Intrusive apps are those that require the user to grant a larger set of capabilities than what would be strictly required for their proper functioning. For example, as Google engineers explain, a coloring book app will not usually need access to geolocation data. Other examples of capabilities that not all apps need to do their job are access to personal data, camera, address book, etc. Granting more privileges than strictly necessary is a potentially harmful, since you cannot really know what those data are used for. Among the most frequent cases of harmful app behaviours are: backdoors, spyware, data collection, denial of service, and many more.

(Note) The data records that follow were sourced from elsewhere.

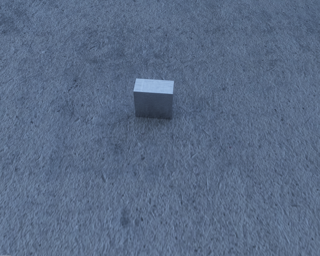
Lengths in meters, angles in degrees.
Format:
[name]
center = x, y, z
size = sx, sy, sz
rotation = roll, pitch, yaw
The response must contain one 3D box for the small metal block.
[small metal block]
center = -0.008, -0.039, 0.420
size = 0.050, 0.050, 0.025
rotation = 4, 50, 3

The approach that Google follows to detect intrusive apps is based on the concept of functional peer group, i.e. a group of apps that share similar features and that should therefore require a similar set of authorizations. Once those groups are formed, it becomes possible to detect anomalous apps in each group, meaning those apps that require more privileges than similar apps do. This approach requires monitoring the Android Play Store, collecting detailed statistics, and discovering user expectations, so that app groups can be determined automatically. Indeed, according to Google engineers, fixed categorization and manual curation would be a tedious and error-prone task.
To make this approach more effective, Google uses deep learning to discover groups of apps that share similar characteristics using those apps’ metadata, which include textual descriptions and install metrics. Once peer groups are defined, anomaly detection is used inside of each group to identify anomalous apps, i.e. apps that show a mismatch between the privileges they require and their functionality. Anomalous apps are then inspected thoroughly to decide which ones are actually intrusive. That information is used also to determine which apps should be promoted, as well as to get in touch with potentially intrusive apps’ developers and help them improve the privacy and security of their apps.